Overview
Given a low-resolution 3D head avatar driven by a morphable model, our pipeline operates in three main stages. We first reconstruct a static 3D head in the canonical space with multi-view 3D GAN inversion. We then refine mesh geometry and rig 3D Gaussians onto the mesh surface to enable animation. Finally, we include anchor images with diverse camera poses and expressions for dynamics-aware 3D refinement, ensuring the robustness of the 3D head model across viewing angles and complex facial motions.

Key Components
To achieve this, we break down the process into three core technical modules:
1. Multi-View 3D Inversion (Canonical Reconstruction) The first step is to hallucinate missing high-frequency details from the low-quality input.
The Process: We utilize a pre-trained 3D GAN to generate a static, high-resolution 3D Gaussian head. By optimizing the latent code based on upscaled multi-view renderings, we ensure the reconstructed head possesses photorealistic textures and geometry.
Why it matters: This establishes a high-fidelity “base model” that far exceeds the quality of the original blurry input.

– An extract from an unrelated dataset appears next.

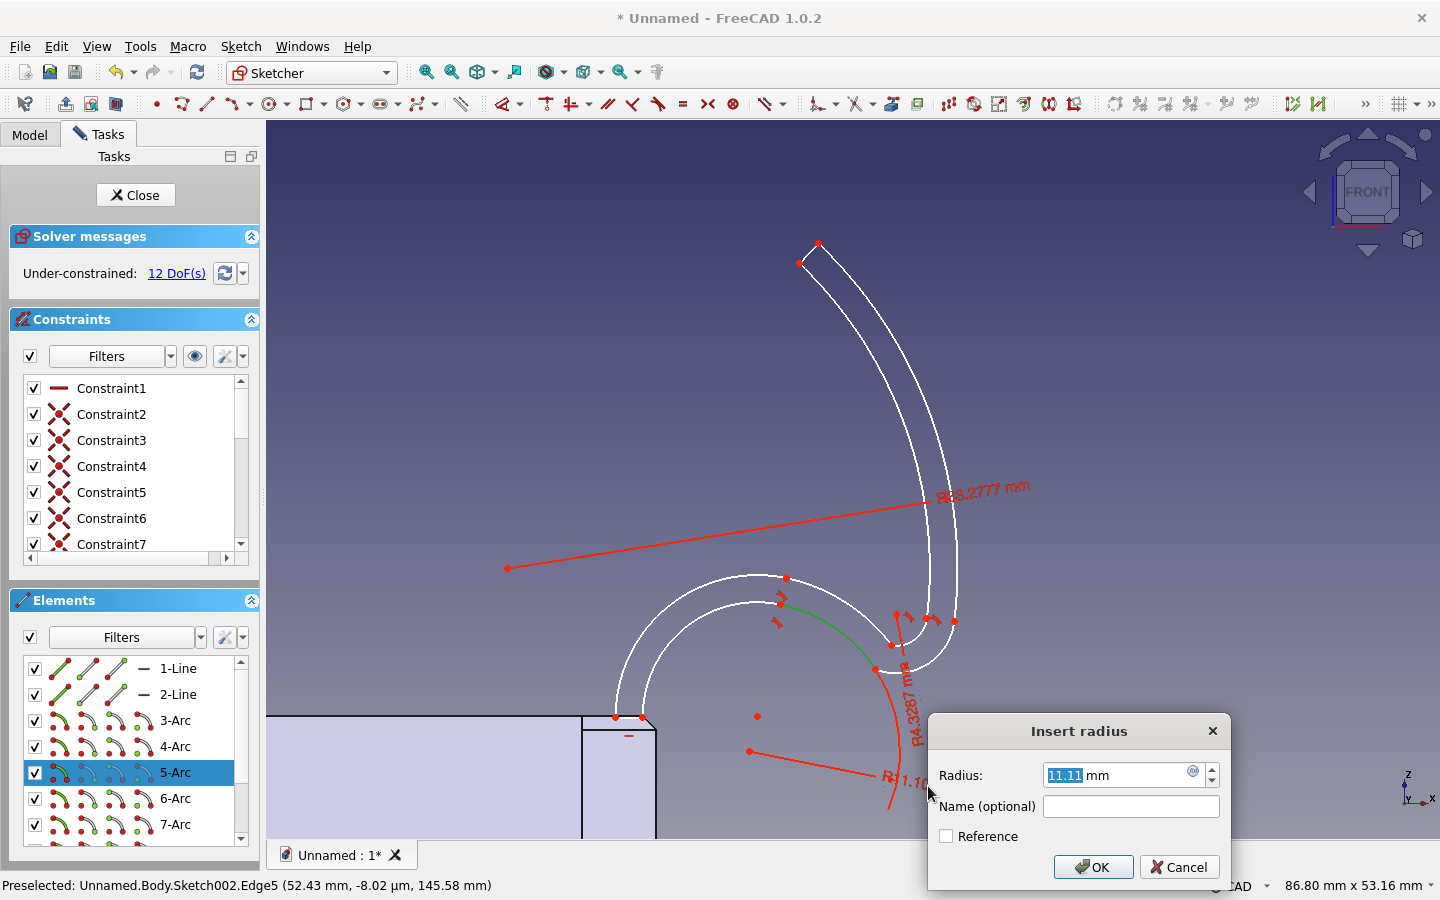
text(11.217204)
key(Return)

2. 3D Gaussian Rigging & Geometry Refinement A high-quality static head must be rigged correctly to move convincingly.
Geometry Refinement: Low-resolution inputs often suffer from misalignment (e.g., teeth not aligning with lips). We refine the underlying FLAME mesh geometry to strictly align with facial landmarks before binding.
Rigging: The optimized 3D Gaussians are then bound to this refined mesh, allowing the detailed textures to follow the face’s movement naturally.
3. Dynamics-Aware 3D Refinement Standard inversion often fails when the face deforms into extreme expressions.
Multi-Expression Anchors: We sample “anchor images” containing diverse expressions (such as open mouths or squints) to capture occluded regions like teeth and eyelids.
Joint Optimization: We jointly optimize the model using these dynamic anchors. This ensures that the super-resolved avatar maintains its identity and geometric consistency not just in a neutral pose, but across all complex facial motions.